Recognizing that the sidewalks throughout the village constitute a critical component of the overall transportation system in the village, we established a program to improve the decaying walkways with the goal of improving pedestrian safety while encouraging pedestrian access to downtown. To date we have repaired or replaced 4.5 miles of sidewalks, including the construction of a new sidewalk connecting Chaucer Circle with Smokey Hollow that allows residents safe access to downtown.
The village has worked closely with the Baldwinsville Chamber of Commerce and the Economic Development Agency to facilitate events that have showcased our community not only across New York state, but nationally and internationally as well. For example, events like the Carp Tournament have attracted international anglers to Baldwinsville, and Baldwinsville was even featured on the cover of prominent fishing magazine in Japan.
What do you hope to accomplish within the next three years?

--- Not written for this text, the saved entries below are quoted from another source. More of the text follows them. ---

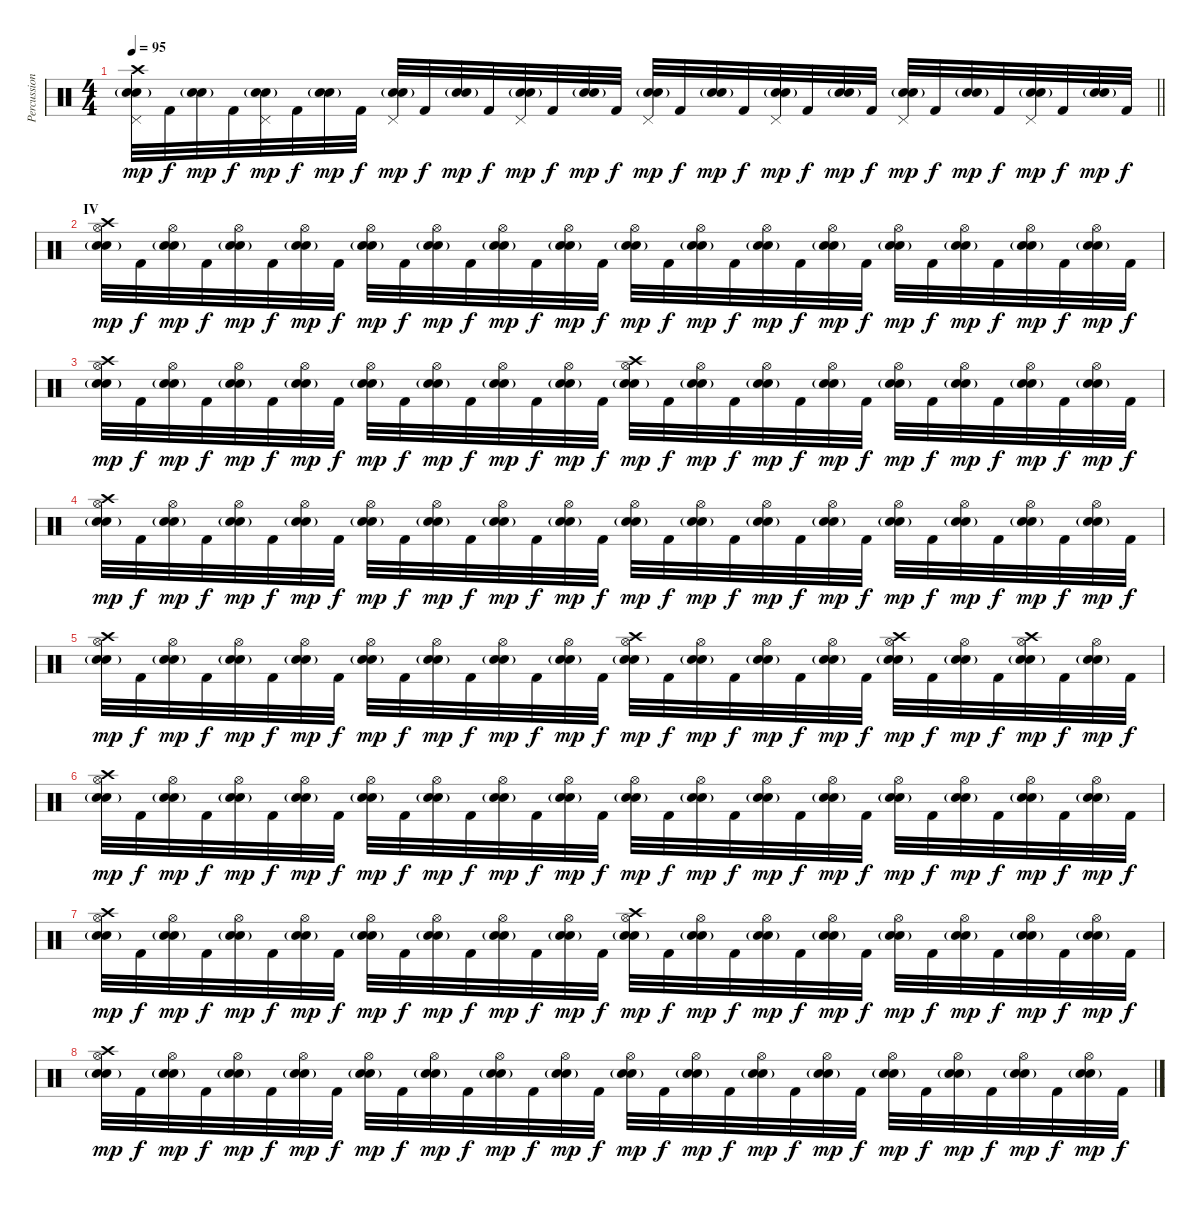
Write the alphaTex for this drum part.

\track ("Percussion" "Percussion") {instrument percussion}
\staff {score}
\articulation defaults
\ts (4 4)
\tempo 95
\clef neutral
\barLineRight lightlight
\ks c
("Crash high (hit)" "Electric Snare (hit)" "Snare (hit) 2"{g} "Pedal Hi-Hat (hit)").32{dy mp} "Kick (hit) 2".32{dy f} ("Electric Snare (hit)" "Snare (hit) 2"{g}).32{dy mp} "Kick (hit) 2".32{dy f} ("Electric Snare (hit)" "Snare (hit) 2"{g} "Pedal Hi-Hat (hit)").32{dy mp} "Kick (hit) 2".32{dy f} ("Electric Snare (hit)" "Snare (hit) 2"{g}).32{dy mp} "Kick (hit) 2".32{dy f} ("Electric Snare (hit)" "Snare (hit) 2"{g} "Pedal Hi-Hat (hit)").32{dy mp} "Kick (hit) 2".32{dy f} ("Electric Snare (hit)" "Snare (hit) 2"{g}).32{dy mp} "Kick (hit) 2".32{dy f} ("Electric Snare (hit)" "Snare (hit) 2"{g} "Pedal Hi-Hat (hit)").32{dy mp} "Kick (hit) 2".32{dy f} ("Electric Snare (hit)" "Snare (hit) 2"{g}).32{dy mp} "Kick (hit) 2".32{dy f} ("Electric Snare (hit)" "Snare (hit) 2"{g} "Pedal Hi-Hat (hit)").32{dy mp} "Kick (hit) 2".32{dy f} ("Electric Snare (hit)" "Snare (hit) 2"{g}).32{dy mp} "Kick (hit) 2".32{dy f} ("Electric Snare (hit)" "Snare (hit) 2"{g} "Pedal Hi-Hat (hit)").32{dy mp} "Kick (hit) 2".32{dy f} ("Electric Snare (hit)" "Snare (hit) 2"{g}).32{dy mp} "Kick (hit) 2".32{dy f} ("Electric Snare (hit)" "Snare (hit) 2"{g} "Pedal Hi-Hat (hit)").32{dy mp} "Kick (hit) 2".32{dy f} ("Electric Snare (hit)" "Snare (hit) 2"{g}).32{dy mp} "Kick (hit) 2".32{dy f} ("Electric Snare (hit)" "Snare (hit) 2"{g} "Pedal Hi-Hat (hit)").32{dy mp} "Kick (hit) 2".32{dy f} ("Electric Snare (hit)" "Snare (hit) 2"{g}).32{dy mp} "Kick (hit) 2".32{dy f} |
\section ("" "IV")
("Crash high (hit)" "Electric Snare (hit)" "Snare (hit) 2"{g} "Hi-Hat (open)").32{dy mp} "Kick (hit) 2".32{dy f} ("Electric Snare (hit)" "Snare (hit) 2"{g} "Hi-Hat (open)").32{dy mp} "Kick (hit) 2".32{dy f} ("Electric Snare (hit)" "Snare (hit) 2"{g} "Hi-Hat (open)").32{dy mp} "Kick (hit) 2".32{dy f} ("Electric Snare (hit)" "Snare (hit) 2"{g} "Hi-Hat (open)").32{dy mp} "Kick (hit) 2".32{dy f} ("Electric Snare (hit)" "Snare (hit) 2"{g} "Hi-Hat (open)").32{dy mp} "Kick (hit) 2".32{dy f} ("Electric Snare (hit)" "Snare (hit) 2"{g} "Hi-Hat (open)").32{dy mp} "Kick (hit) 2".32{dy f} ("Electric Snare (hit)" "Snare (hit) 2"{g} "Hi-Hat (open)").32{dy mp} "Kick (hit) 2".32{dy f} ("Electric Snare (hit)" "Snare (hit) 2"{g} "Hi-Hat (open)").32{dy mp} "Kick (hit) 2".32{dy f} ("Electric Snare (hit)" "Snare (hit) 2"{g} "Hi-Hat (open)").32{dy mp} "Kick (hit) 2".32{dy f} ("Electric Snare (hit)" "Snare (hit) 2"{g} "Hi-Hat (open)").32{dy mp} "Kick (hit) 2".32{dy f} ("Electric Snare (hit)" "Snare (hit) 2"{g} "Hi-Hat (open)").32{dy mp} "Kick (hit) 2".32{dy f} ("Electric Snare (hit)" "Snare (hit) 2"{g} "Hi-Hat (open)").32{dy mp} "Kick (hit) 2".32{dy f} ("Electric Snare (hit)" "Snare (hit) 2"{g} "Hi-Hat (open)").32{dy mp} "Kick (hit) 2".32{dy f} ("Electric Snare (hit)" "Snare (hit) 2"{g} "Hi-Hat (open)").32{dy mp} "Kick (hit) 2".32{dy f} ("Electric Snare (hit)" "Snare (hit) 2"{g} "Hi-Hat (open)").32{dy mp} "Kick (hit) 2".32{dy f} ("Electric Snare (hit)" "Snare (hit) 2"{g} "Hi-Hat (open)").32{dy mp} "Kick (hit) 2".32{dy f} |
("Crash high (hit)" "Electric Snare (hit)" "Snare (hit) 2"{g} "Hi-Hat (open)").32{dy mp} "Kick (hit) 2".32{dy f} ("Electric Snare (hit)" "Snare (hit) 2"{g} "Hi-Hat (open)").32{dy mp} "Kick (hit) 2".32{dy f} ("Electric Snare (hit)" "Snare (hit) 2"{g} "Hi-Hat (open)").32{dy mp} "Kick (hit) 2".32{dy f} ("Electric Snare (hit)" "Snare (hit) 2"{g} "Hi-Hat (open)").32{dy mp} "Kick (hit) 2".32{dy f} ("Electric Snare (hit)" "Snare (hit) 2"{g} "Hi-Hat (open)").32{dy mp} "Kick (hit) 2".32{dy f} ("Electric Snare (hit)" "Snare (hit) 2"{g} "Hi-Hat (open)").32{dy mp} "Kick (hit) 2".32{dy f} ("Electric Snare (hit)" "Snare (hit) 2"{g} "Hi-Hat (open)").32{dy mp} "Kick (hit) 2".32{dy f} ("Electric Snare (hit)" "Snare (hit) 2"{g} "Hi-Hat (open)").32{dy mp} "Kick (hit) 2".32{dy f} ("Crash high (hit)" "Electric Snare (hit)" "Snare (hit) 2"{g} "Hi-Hat (open)").32{dy mp} "Kick (hit) 2".32{dy f} ("Electric Snare (hit)" "Snare (hit) 2"{g} "Hi-Hat (open)").32{dy mp} "Kick (hit) 2".32{dy f} ("Electric Snare (hit)" "Snare (hit) 2"{g} "Hi-Hat (open)").32{dy mp} "Kick (hit) 2".32{dy f} ("Electric Snare (hit)" "Snare (hit) 2"{g} "Hi-Hat (open)").32{dy mp} "Kick (hit) 2".32{dy f} ("Electric Snare (hit)" "Snare (hit) 2"{g} "Hi-Hat (open)").32{dy mp} "Kick (hit) 2".32{dy f} ("Electric Snare (hit)" "Snare (hit) 2"{g} "Hi-Hat (open)").32{dy mp} "Kick (hit) 2".32{dy f} ("Electric Snare (hit)" "Snare (hit) 2"{g} "Hi-Hat (open)").32{dy mp} "Kick (hit) 2".32{dy f} ("Electric Snare (hit)" "Snare (hit) 2"{g} "Hi-Hat (open)").32{dy mp} "Kick (hit) 2".32{dy f} |
("Crash high (hit)" "Electric Snare (hit)" "Snare (hit) 2"{g} "Hi-Hat (open)").32{dy mp} "Kick (hit) 2".32{dy f} ("Electric Snare (hit)" "Snare (hit) 2"{g} "Hi-Hat (open)").32{dy mp} "Kick (hit) 2".32{dy f} ("Electric Snare (hit)" "Snare (hit) 2"{g} "Hi-Hat (open)").32{dy mp} "Kick (hit) 2".32{dy f} ("Electric Snare (hit)" "Snare (hit) 2"{g} "Hi-Hat (open)").32{dy mp} "Kick (hit) 2".32{dy f} ("Electric Snare (hit)" "Snare (hit) 2"{g} "Hi-Hat (open)").32{dy mp} "Kick (hit) 2".32{dy f} ("Electric Snare (hit)" "Snare (hit) 2"{g} "Hi-Hat (open)").32{dy mp} "Kick (hit) 2".32{dy f} ("Electric Snare (hit)" "Snare (hit) 2"{g} "Hi-Hat (open)").32{dy mp} "Kick (hit) 2".32{dy f} ("Electric Snare (hit)" "Snare (hit) 2"{g} "Hi-Hat (open)").32{dy mp} "Kick (hit) 2".32{dy f} ("Electric Snare (hit)" "Snare (hit) 2"{g} "Hi-Hat (open)").32{dy mp} "Kick (hit) 2".32{dy f} ("Electric Snare (hit)" "Snare (hit) 2"{g} "Hi-Hat (open)").32{dy mp} "Kick (hit) 2".32{dy f} ("Electric Snare (hit)" "Snare (hit) 2"{g} "Hi-Hat (open)").32{dy mp} "Kick (hit) 2".32{dy f} ("Electric Snare (hit)" "Snare (hit) 2"{g} "Hi-Hat (open)").32{dy mp} "Kick (hit) 2".32{dy f} ("Electric Snare (hit)" "Snare (hit) 2"{g} "Hi-Hat (open)").32{dy mp} "Kick (hit) 2".32{dy f} ("Electric Snare (hit)" "Snare (hit) 2"{g} "Hi-Hat (open)").32{dy mp} "Kick (hit) 2".32{dy f} ("Electric Snare (hit)" "Snare (hit) 2"{g} "Hi-Hat (open)").32{dy mp} "Kick (hit) 2".32{dy f} ("Electric Snare (hit)" "Snare (hit) 2"{g} "Hi-Hat (open)").32{dy mp} "Kick (hit) 2".32{dy f} |
("Crash high (hit)" "Electric Snare (hit)" "Snare (hit) 2"{g} "Hi-Hat (open)").32{dy mp} "Kick (hit) 2".32{dy f} ("Electric Snare (hit)" "Snare (hit) 2"{g} "Hi-Hat (open)").32{dy mp} "Kick (hit) 2".32{dy f} ("Electric Snare (hit)" "Snare (hit) 2"{g} "Hi-Hat (open)").32{dy mp} "Kick (hit) 2".32{dy f} ("Electric Snare (hit)" "Snare (hit) 2"{g} "Hi-Hat (open)").32{dy mp} "Kick (hit) 2".32{dy f} ("Electric Snare (hit)" "Snare (hit) 2"{g} "Hi-Hat (open)").32{dy mp} "Kick (hit) 2".32{dy f} ("Electric Snare (hit)" "Snare (hit) 2"{g} "Hi-Hat (open)").32{dy mp} "Kick (hit) 2".32{dy f} ("Electric Snare (hit)" "Snare (hit) 2"{g} "Hi-Hat (open)").32{dy mp} "Kick (hit) 2".32{dy f} ("Electric Snare (hit)" "Snare (hit) 2"{g} "Hi-Hat (open)").32{dy mp} "Kick (hit) 2".32{dy f} ("Crash high (hit)" "Electric Snare (hit)" "Snare (hit) 2"{g} "Hi-Hat (open)").32{dy mp} "Kick (hit) 2".32{dy f} ("Electric Snare (hit)" "Snare (hit) 2"{g} "Hi-Hat (open)").32{dy mp} "Kick (hit) 2".32{dy f} ("Electric Snare (hit)" "Snare (hit) 2"{g} "Hi-Hat (open)").32{dy mp} "Kick (hit) 2".32{dy f} ("Electric Snare (hit)" "Snare (hit) 2"{g} "Hi-Hat (open)").32{dy mp} "Kick (hit) 2".32{dy f} ("Crash high (hit)" "Electric Snare (hit)" "Snare (hit) 2"{g} "Hi-Hat (open)").32{dy mp} "Kick (hit) 2".32{dy f} ("Electric Snare (hit)" "Snare (hit) 2"{g} "Hi-Hat (open)").32{dy mp} "Kick (hit) 2".32{dy f} ("Crash high (hit)" "Electric Snare (hit)" "Snare (hit) 2"{g} "Hi-Hat (open)").32{dy mp} "Kick (hit) 2".32{dy f} ("Electric Snare (hit)" "Snare (hit) 2"{g} "Hi-Hat (open)").32{dy mp} "Kick (hit) 2".32{dy f} |
("Crash high (hit)" "Electric Snare (hit)" "Snare (hit) 2"{g} "Hi-Hat (open)").32{dy mp} "Kick (hit) 2".32{dy f} ("Electric Snare (hit)" "Snare (hit) 2"{g} "Hi-Hat (open)").32{dy mp} "Kick (hit) 2".32{dy f} ("Electric Snare (hit)" "Snare (hit) 2"{g} "Hi-Hat (open)").32{dy mp} "Kick (hit) 2".32{dy f} ("Electric Snare (hit)" "Snare (hit) 2"{g} "Hi-Hat (open)").32{dy mp} "Kick (hit) 2".32{dy f} ("Electric Snare (hit)" "Snare (hit) 2"{g} "Hi-Hat (open)").32{dy mp} "Kick (hit) 2".32{dy f} ("Electric Snare (hit)" "Snare (hit) 2"{g} "Hi-Hat (open)").32{dy mp} "Kick (hit) 2".32{dy f} ("Electric Snare (hit)" "Snare (hit) 2"{g} "Hi-Hat (open)").32{dy mp} "Kick (hit) 2".32{dy f} ("Electric Snare (hit)" "Snare (hit) 2"{g} "Hi-Hat (open)").32{dy mp} "Kick (hit) 2".32{dy f} ("Electric Snare (hit)" "Snare (hit) 2"{g} "Hi-Hat (open)").32{dy mp} "Kick (hit) 2".32{dy f} ("Electric Snare (hit)" "Snare (hit) 2"{g} "Hi-Hat (open)").32{dy mp} "Kick (hit) 2".32{dy f} ("Electric Snare (hit)" "Snare (hit) 2"{g} "Hi-Hat (open)").32{dy mp} "Kick (hit) 2".32{dy f} ("Electric Snare (hit)" "Snare (hit) 2"{g} "Hi-Hat (open)").32{dy mp} "Kick (hit) 2".32{dy f} ("Electric Snare (hit)" "Snare (hit) 2"{g} "Hi-Hat (open)").32{dy mp} "Kick (hit) 2".32{dy f} ("Electric Snare (hit)" "Snare (hit) 2"{g} "Hi-Hat (open)").32{dy mp} "Kick (hit) 2".32{dy f} ("Electric Snare (hit)" "Snare (hit) 2"{g} "Hi-Hat (open)").32{dy mp} "Kick (hit) 2".32{dy f} ("Electric Snare (hit)" "Snare (hit) 2"{g} "Hi-Hat (open)").32{dy mp} "Kick (hit) 2".32{dy f} |
("Crash high (hit)" "Electric Snare (hit)" "Snare (hit) 2"{g} "Hi-Hat (open)").32{dy mp} "Kick (hit) 2".32{dy f} ("Electric Snare (hit)" "Snare (hit) 2"{g} "Hi-Hat (open)").32{dy mp} "Kick (hit) 2".32{dy f} ("Electric Snare (hit)" "Snare (hit) 2"{g} "Hi-Hat (open)").32{dy mp} "Kick (hit) 2".32{dy f} ("Electric Snare (hit)" "Snare (hit) 2"{g} "Hi-Hat (open)").32{dy mp} "Kick (hit) 2".32{dy f} ("Electric Snare (hit)" "Snare (hit) 2"{g} "Hi-Hat (open)").32{dy mp} "Kick (hit) 2".32{dy f} ("Electric Snare (hit)" "Snare (hit) 2"{g} "Hi-Hat (open)").32{dy mp} "Kick (hit) 2".32{dy f} ("Electric Snare (hit)" "Snare (hit) 2"{g} "Hi-Hat (open)").32{dy mp} "Kick (hit) 2".32{dy f} ("Electric Snare (hit)" "Snare (hit) 2"{g} "Hi-Hat (open)").32{dy mp} "Kick (hit) 2".32{dy f} ("Crash high (hit)" "Electric Snare (hit)" "Snare (hit) 2"{g} "Hi-Hat (open)").32{dy mp} "Kick (hit) 2".32{dy f} ("Electric Snare (hit)" "Snare (hit) 2"{g} "Hi-Hat (open)").32{dy mp} "Kick (hit) 2".32{dy f} ("Electric Snare (hit)" "Snare (hit) 2"{g} "Hi-Hat (open)").32{dy mp} "Kick (hit) 2".32{dy f} ("Electric Snare (hit)" "Snare (hit) 2"{g} "Hi-Hat (open)").32{dy mp} "Kick (hit) 2".32{dy f} ("Electric Snare (hit)" "Snare (hit) 2"{g} "Hi-Hat (open)").32{dy mp} "Kick (hit) 2".32{dy f} ("Electric Snare (hit)" "Snare (hit) 2"{g} "Hi-Hat (open)").32{dy mp} "Kick (hit) 2".32{dy f} ("Electric Snare (hit)" "Snare (hit) 2"{g} "Hi-Hat (open)").32{dy mp} "Kick (hit) 2".32{dy f} ("Electric Snare (hit)" "Snare (hit) 2"{g} "Hi-Hat (open)").32{dy mp} "Kick (hit) 2".32{dy f} |
("Crash high (hit)" "Electric Snare (hit)" "Snare (hit) 2"{g} "Hi-Hat (open)").32{dy mp} "Kick (hit) 2".32{dy f} ("Electric Snare (hit)" "Snare (hit) 2"{g} "Hi-Hat (open)").32{dy mp} "Kick (hit) 2".32{dy f} ("Electric Snare (hit)" "Snare (hit) 2"{g} "Hi-Hat (open)").32{dy mp} "Kick (hit) 2".32{dy f} ("Electric Snare (hit)" "Snare (hit) 2"{g} "Hi-Hat (open)").32{dy mp} "Kick (hit) 2".32{dy f} ("Electric Snare (hit)" "Snare (hit) 2"{g} "Hi-Hat (open)").32{dy mp} "Kick (hit) 2".32{dy f} ("Electric Snare (hit)" "Snare (hit) 2"{g} "Hi-Hat (open)").32{dy mp} "Kick (hit) 2".32{dy f} ("Electric Snare (hit)" "Snare (hit) 2"{g} "Hi-Hat (open)").32{dy mp} "Kick (hit) 2".32{dy f} ("Electric Snare (hit)" "Snare (hit) 2"{g} "Hi-Hat (open)").32{dy mp} "Kick (hit) 2".32{dy f} ("Electric Snare (hit)" "Snare (hit) 2"{g} "Hi-Hat (open)").32{dy mp} "Kick (hit) 2".32{dy f} ("Electric Snare (hit)" "Snare (hit) 2"{g} "Hi-Hat (open)").32{dy mp} "Kick (hit) 2".32{dy f} ("Electric Snare (hit)" "Snare (hit) 2"{g} "Hi-Hat (open)").32{dy mp} "Kick (hit) 2".32{dy f} ("Electric Snare (hit)" "Snare (hit) 2"{g} "Hi-Hat (open)").32{dy mp} "Kick (hit) 2".32{dy f} ("Electric Snare (hit)" "Snare (hit) 2"{g} "Hi-Hat (open)").32{dy mp} "Kick (hit) 2".32{dy f} ("Electric Snare (hit)" "Snare (hit) 2"{g} "Hi-Hat (open)").32{dy mp} "Kick (hit) 2".32{dy f} ("Electric Snare (hit)" "Snare (hit) 2"{g} "Hi-Hat (open)").32{dy mp} "Kick (hit) 2".32{dy f} ("Electric Snare (hit)" "Snare (hit) 2"{g} "Hi-Hat (open)").32{dy mp} "Kick (hit) 2".32{dy f}

Moving forward, we will focus on protecting the village water supply by revisiting our wellhead protection program. We will continue to recruit businesses and developers to invest in Lock Street, Tri-County Mall and the Smokey Hollow commercial area. We will add lights along the Chaucer Circle sidewalk. We will complete the renovation of Village Square. We will continue with the popular sidewalk replacement program. With a recently awarded Community Development Grant, a sidewalk will run along Meigs Road and provide a safe pedestrian connection for the residents living in that area. In addition, we plan to establish a committee to explore green initiatives for the village to reduce energy costs utilizing NYSERDA grants to improve energy efficiency, reduce waste and integrate renewable energy technologies such as solar panels at our facilities.
Decreased revenues, reduction/elimination of sales tax money, an already over-burdened taxpayer base – For future budgets, how do you propose getting village spending in line with revenues?
We will continue to explore new initiatives with the surrounding towns and with our School District for shared service agreements and cost cutting measures. Shared service agreements are the key to reducing the cost of all local governments. For example, we just signed an intergovernmental agreement with the Cayuga County Soil and Water Conservation District which, combined with other shared service agreements, will save us tens of thousands of dollars this year. Trustee candidate Mike Shepard will bring a focus toward additional shared services in an effort to minimizing the future tax burden on village residents.